Quim Araújo

Personal information
- Full name: Joaquim Araújo Delgado
- Date of birth: 10 March 1988 (age 37)
- Place of birth: Barcelona, Spain
- Height: 1.82 m (6 ft 0 in)
- Position: Forward

Team information
- Current team: Santomera

Youth career
- Escuela Grasshoppers
- Lloreda
- Sant Gabriel
- 1999–2000: Espanyol
- 2000–2001: Gramenet
- 2001–2002: Ferrán Martorell
- 2002–2005: Premià
- 2005–2007: Badalona

Senior career*
- Years: Team / Apps / (Gls)
- 2007: Badalona B / 8 / (1)
- 2007–2009: Gramenet B / 59 / (10)
- 2009–2011: Montañesa / 72 / (26)
- 2011–2014: Sant Andreu / 108 / (15)
- 2014–2015: Compostela / 34 / (5)
- 2015–2016: Eldense / 21 / (4)
- 2016–2017: Valencia B / 56 / (9)
- 2017–2018: Albacete / 7 / (1)
- 2018–2019: Córdoba / 21 / (1)
- 2019–2020: Cartagena / 24 / (1)
- 2020–2022: Lleida Esportiu / 39 / (3)
- 2022: Águilas / 17 / (1)
- 2022–2023: Mar Menor / 32 / (3)
- 2023–2025: Torrent / 52 / (5)
- 2025–: Santomera / 5 / (2)

= Quim Araújo =

Spanish footballer

Joaquim "Quim" Araújo Delgado (born 10 March 1988) is a Spanish footballer who plays as a forward for Tercera Federación club Santomera.

==Club career==
Born in Barcelona, Catalonia, Araújo made his debut as a senior with CF Badalona's reserves in 2007, in the regional leagues. After subsequently representing UDA Gramenet B, he signed for Tercera División side CF Montañesa in July 2009.

Araújo first arrived in Segunda División B on 1 July 2011, after agreeing to a contract with UE Sant Andreu. On 8 July 2014, after being an undisputed starter, he moved to fellow league team SD Compostela.

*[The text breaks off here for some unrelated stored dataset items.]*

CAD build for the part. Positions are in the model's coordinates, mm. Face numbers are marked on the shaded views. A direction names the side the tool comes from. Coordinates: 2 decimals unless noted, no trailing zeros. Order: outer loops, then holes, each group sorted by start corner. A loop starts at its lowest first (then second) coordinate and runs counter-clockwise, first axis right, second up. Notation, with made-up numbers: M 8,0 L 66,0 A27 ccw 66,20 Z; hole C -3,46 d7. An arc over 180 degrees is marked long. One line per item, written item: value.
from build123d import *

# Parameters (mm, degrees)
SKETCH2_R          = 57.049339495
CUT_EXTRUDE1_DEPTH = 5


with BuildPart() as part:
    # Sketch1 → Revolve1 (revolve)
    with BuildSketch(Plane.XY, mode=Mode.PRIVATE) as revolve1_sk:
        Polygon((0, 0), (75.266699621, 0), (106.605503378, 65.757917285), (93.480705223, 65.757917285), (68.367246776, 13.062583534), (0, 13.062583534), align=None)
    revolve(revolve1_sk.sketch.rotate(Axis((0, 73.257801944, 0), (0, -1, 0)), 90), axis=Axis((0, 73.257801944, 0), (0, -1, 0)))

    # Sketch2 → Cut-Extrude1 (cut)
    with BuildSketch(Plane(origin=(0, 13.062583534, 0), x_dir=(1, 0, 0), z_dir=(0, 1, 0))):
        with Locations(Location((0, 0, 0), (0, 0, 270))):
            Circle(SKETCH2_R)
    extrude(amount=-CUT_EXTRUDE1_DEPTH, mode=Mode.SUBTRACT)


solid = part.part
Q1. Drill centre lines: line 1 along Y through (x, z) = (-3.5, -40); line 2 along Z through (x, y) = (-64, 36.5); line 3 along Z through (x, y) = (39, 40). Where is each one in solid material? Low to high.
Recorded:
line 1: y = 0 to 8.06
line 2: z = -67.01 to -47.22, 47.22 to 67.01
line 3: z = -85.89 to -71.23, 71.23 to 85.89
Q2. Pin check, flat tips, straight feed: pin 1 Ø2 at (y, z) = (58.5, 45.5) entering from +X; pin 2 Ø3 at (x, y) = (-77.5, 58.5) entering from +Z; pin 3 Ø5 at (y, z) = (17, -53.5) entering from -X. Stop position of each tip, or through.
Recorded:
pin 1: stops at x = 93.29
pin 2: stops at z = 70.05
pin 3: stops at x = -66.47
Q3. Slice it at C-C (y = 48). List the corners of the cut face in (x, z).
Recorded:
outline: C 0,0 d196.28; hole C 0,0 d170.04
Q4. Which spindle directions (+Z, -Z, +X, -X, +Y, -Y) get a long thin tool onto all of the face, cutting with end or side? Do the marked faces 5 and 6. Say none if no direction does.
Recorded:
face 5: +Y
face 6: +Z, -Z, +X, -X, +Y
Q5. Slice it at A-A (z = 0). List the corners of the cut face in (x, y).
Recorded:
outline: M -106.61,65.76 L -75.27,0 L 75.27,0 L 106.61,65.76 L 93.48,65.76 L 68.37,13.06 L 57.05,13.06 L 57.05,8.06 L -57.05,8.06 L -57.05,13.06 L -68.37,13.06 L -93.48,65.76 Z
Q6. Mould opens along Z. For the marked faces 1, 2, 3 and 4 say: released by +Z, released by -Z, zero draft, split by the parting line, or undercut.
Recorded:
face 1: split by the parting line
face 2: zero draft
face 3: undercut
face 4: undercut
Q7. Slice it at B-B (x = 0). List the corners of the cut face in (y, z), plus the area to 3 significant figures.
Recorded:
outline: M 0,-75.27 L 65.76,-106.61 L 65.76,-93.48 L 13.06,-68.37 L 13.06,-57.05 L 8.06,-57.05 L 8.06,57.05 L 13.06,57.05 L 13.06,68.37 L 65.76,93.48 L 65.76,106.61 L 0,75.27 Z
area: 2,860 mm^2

On 24 July 2015 Araújo joined CD Eldense, still in the third division. The following 29 January he signed for another reserve team, Valencia CF Mestalla in the same category, for €25,000.

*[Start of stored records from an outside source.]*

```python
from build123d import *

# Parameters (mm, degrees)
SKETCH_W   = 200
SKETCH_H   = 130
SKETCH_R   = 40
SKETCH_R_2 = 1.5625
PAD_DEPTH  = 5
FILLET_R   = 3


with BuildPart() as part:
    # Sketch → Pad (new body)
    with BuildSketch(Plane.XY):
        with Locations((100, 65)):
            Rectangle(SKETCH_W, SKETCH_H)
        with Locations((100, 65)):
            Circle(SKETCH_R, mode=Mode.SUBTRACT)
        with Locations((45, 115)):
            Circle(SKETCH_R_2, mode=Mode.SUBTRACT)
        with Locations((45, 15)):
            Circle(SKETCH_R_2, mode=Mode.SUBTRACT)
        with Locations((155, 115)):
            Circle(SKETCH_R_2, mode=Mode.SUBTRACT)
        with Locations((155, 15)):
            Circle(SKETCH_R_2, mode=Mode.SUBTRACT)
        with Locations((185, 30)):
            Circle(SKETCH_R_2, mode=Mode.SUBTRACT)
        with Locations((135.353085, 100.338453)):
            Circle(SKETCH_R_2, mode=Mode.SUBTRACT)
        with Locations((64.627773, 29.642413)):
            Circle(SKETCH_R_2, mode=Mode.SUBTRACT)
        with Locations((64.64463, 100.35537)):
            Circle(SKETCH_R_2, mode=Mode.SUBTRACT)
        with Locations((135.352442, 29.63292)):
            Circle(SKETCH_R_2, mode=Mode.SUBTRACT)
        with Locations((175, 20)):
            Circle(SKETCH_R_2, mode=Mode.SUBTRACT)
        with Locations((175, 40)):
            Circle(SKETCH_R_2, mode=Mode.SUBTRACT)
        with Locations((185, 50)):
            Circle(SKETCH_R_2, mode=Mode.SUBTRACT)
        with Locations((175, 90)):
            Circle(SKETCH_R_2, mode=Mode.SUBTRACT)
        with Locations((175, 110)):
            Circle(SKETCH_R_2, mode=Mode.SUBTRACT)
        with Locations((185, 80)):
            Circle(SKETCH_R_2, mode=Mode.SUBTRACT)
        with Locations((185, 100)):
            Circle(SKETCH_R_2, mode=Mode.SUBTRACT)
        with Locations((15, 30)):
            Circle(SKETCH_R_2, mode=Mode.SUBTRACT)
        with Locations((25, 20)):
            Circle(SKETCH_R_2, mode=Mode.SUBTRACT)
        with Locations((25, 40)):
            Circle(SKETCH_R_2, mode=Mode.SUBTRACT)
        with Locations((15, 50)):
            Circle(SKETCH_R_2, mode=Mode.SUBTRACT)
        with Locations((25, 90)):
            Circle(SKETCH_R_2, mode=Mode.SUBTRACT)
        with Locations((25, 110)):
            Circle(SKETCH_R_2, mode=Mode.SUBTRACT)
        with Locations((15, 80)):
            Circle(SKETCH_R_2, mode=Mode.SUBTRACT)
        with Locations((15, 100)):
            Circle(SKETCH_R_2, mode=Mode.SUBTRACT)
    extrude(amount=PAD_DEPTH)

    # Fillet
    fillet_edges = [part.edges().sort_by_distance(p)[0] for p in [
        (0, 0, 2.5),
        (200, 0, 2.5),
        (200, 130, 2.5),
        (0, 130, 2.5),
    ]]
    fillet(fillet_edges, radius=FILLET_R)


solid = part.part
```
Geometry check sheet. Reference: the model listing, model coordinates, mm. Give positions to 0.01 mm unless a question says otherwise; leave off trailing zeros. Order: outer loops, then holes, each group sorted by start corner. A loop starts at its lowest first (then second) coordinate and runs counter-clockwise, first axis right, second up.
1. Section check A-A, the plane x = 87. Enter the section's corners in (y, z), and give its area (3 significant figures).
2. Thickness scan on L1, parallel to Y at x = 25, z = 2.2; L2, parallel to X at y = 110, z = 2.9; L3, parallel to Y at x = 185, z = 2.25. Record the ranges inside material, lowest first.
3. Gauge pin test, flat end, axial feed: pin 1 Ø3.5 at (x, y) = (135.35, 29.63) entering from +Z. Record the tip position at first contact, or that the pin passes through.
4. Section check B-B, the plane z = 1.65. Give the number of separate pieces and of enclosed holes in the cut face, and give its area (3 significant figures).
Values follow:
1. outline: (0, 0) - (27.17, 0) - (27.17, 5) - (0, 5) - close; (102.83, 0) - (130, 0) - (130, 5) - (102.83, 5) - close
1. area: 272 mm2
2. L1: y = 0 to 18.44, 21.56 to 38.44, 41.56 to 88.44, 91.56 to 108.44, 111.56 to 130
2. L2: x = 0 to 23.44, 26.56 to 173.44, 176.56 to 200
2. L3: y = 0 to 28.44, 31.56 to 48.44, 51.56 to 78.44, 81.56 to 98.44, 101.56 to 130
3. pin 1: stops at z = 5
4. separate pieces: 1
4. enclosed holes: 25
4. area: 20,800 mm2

On 3 July 2017, after impressing with Mestalla in the 2017 Segunda División B play-offs, Araújo agreed to a contract with Albacete Balompié, newly promoted to Segunda División. He made his professional debut on 20 August, coming on as a late substitute for Jon Erice.

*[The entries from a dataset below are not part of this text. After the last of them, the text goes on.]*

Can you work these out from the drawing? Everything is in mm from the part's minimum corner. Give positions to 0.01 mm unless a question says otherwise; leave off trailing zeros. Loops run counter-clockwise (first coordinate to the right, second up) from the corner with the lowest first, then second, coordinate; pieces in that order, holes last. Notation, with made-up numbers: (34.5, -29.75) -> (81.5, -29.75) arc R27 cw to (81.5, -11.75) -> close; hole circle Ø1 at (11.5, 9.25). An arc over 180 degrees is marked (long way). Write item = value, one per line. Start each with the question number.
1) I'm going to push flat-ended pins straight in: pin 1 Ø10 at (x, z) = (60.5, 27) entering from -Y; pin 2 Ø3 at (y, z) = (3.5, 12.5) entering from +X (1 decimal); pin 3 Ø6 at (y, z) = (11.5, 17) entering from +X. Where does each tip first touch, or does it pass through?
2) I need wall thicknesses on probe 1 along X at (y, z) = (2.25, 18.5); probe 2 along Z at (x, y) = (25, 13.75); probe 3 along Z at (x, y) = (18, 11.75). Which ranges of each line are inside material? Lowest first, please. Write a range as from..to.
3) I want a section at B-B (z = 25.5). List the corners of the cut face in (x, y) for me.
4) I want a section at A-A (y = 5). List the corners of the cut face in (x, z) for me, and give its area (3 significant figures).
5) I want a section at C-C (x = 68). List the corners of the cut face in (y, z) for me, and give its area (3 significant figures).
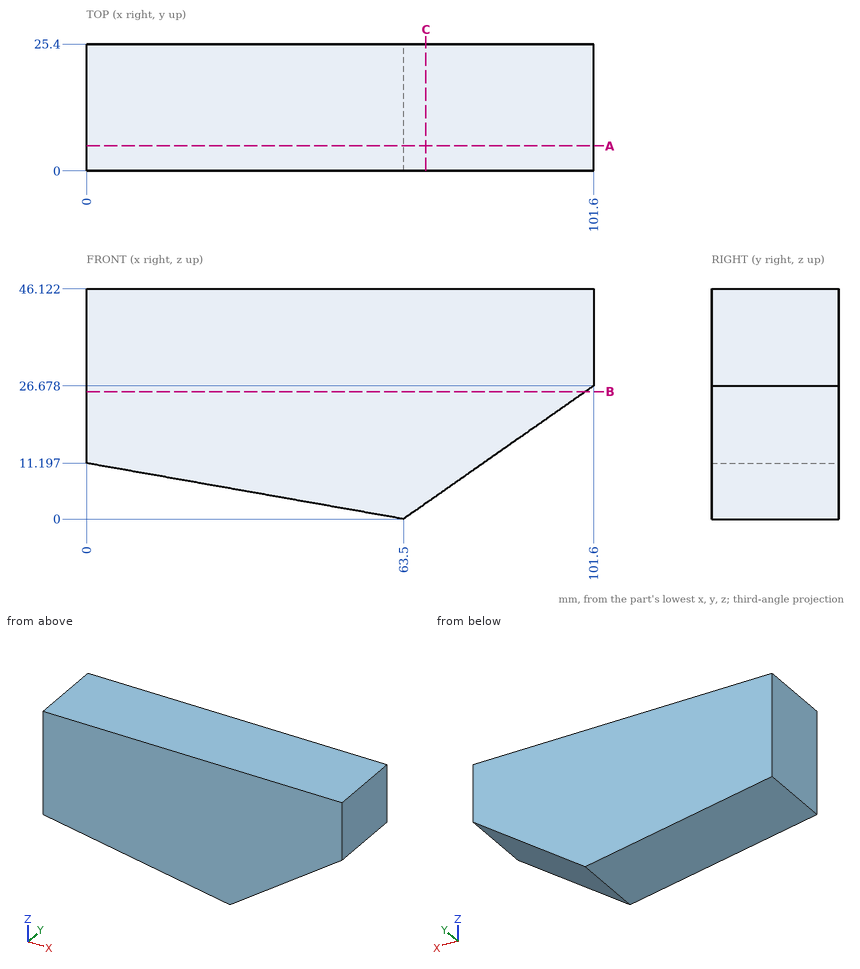
Answer list:
q1.pin_1 = 0
q1.pin_2 = 83.5
q1.pin_3 = 92.06
q2.probe_1 = 0..89.92
q2.probe_2 = 6.79..46.12
q2.probe_3 = 8.02..46.12
q3.outline = (0, 0) -> (99.92, 0) -> (99.92, 25.4) -> (0, 25.4) -> close
q4.outline = (0, 11.2) -> (63.5, 0) -> (101.6, 26.68) -> (101.6, 46.12) -> (0, 46.12) -> close
q4.area = 3,820 mm^2
q5.outline = (0, 3.15) -> (25.4, 3.15) -> (25.4, 46.12) -> (0, 46.12) -> close
q5.area = 1,090 mm^2

Araújo scored his first professional goal on 24 September 2017, netting the winner in a 2–1 home defeat of Real Oviedo. The following 31 January, he signed a two-and-a-half-year contract with fellow league team Córdoba CF.

On 19 July 2019, Araújo signed a one-year deal with FC Cartagena in division three, after cutting ties with the Blanquiverdes.